LGPD: How does working from home impact the protection of personal data?
The year 2020 was quite challenging for everyone and it could not be different for professionals in the information security field. The new coronavirus (SARS-CoV2) crisis forced companies to have their employees work remotely — which not only required investments in new IT infrastructure (including contracting VPN solutions), but also demanded a complete restructuring of the security policies in light of this new reality.
This scenario became even more complex when the long-awaited General Data Protection Law (LGPD) went into effect. Although this legislation was unquestionably welcomed by the Brazilian population, we can say that it came at a time when the already overwhelmed decision-makers had to then deal with the structural changes required to ensure the cybersecurity of their enterprises. If adapting to the LGPD was already a challenge, just imagine how working from home complicated this situation even more.
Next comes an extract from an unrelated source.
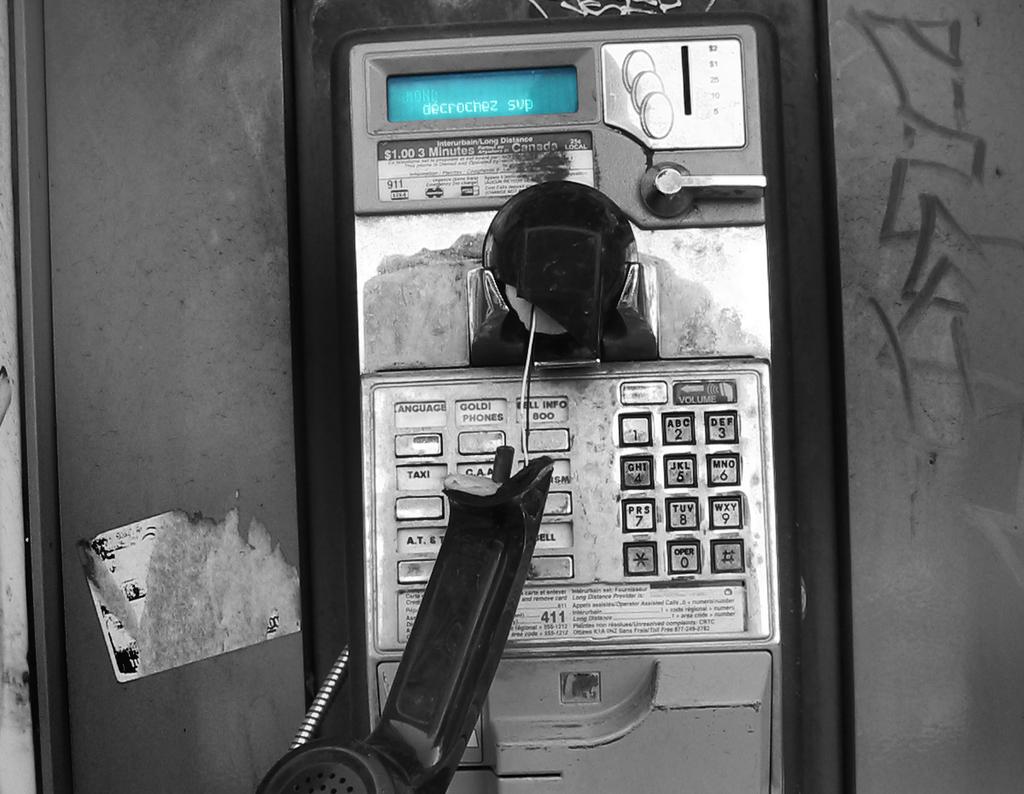What button is seen between the star and the pound sign?
Your response must be concise. 0.

And that's exactly the question that many of us are asking ourselves right now: how can we ensure compliance with the law when our employees are spread across cities, states, countries, or even the world? How to ensure that everyone is following best practices to prevent sensitive information leaks?
A "household accident"
We must remember that, no matter how a company makes ethical and correct use of its consumers' personal data, it relies on the employees to responsibly perform their duties. Let's imagine, for example, a telemarketing agency, which is currently operating 100% remotely. Each processing agent has access to the corporate system, which, in turn, has millions of Brazilian records. How to ensure that this agent will not put these records at risk?
When working from home, many of these professional use their personal devices (notebooks, tablets, and/or smartphones) to access, view and process data that belong to the company. Quite often, these devices may not have the same level of protection as IT-approved equipment — they may have outdated operating systems, malicious applications installed on them, or employees may even be using insecure home networks (after all, there are very few people who change their routers’ factory passwords).
Improper exposure of data may sometimes even be unintentional — an employee may print sensitive information and another person living in their home (either a family member or a visitor) may end up viewing it.
Nothing can replace the human link
It is because of these factors that investing in awareness raising programs has become more critical than ever. Employees need to know the threats they are exposed to in the home environment, abide by the company's access policies and use all the appropriate protection software, without neglecting the proper security practices that would be employed if they were at the office.
The market has now started to offer a series of solutions that address the potential risks of remote work (including virtual zero-trust environments, which act as an intermediary between the device and corporate applications to constantly verify user identity based on a variety of factors and behavioral analyses). However, the human being will always be the most important link. Do you want to ensure compliance with the LGPD? Then invest in the education of your employees!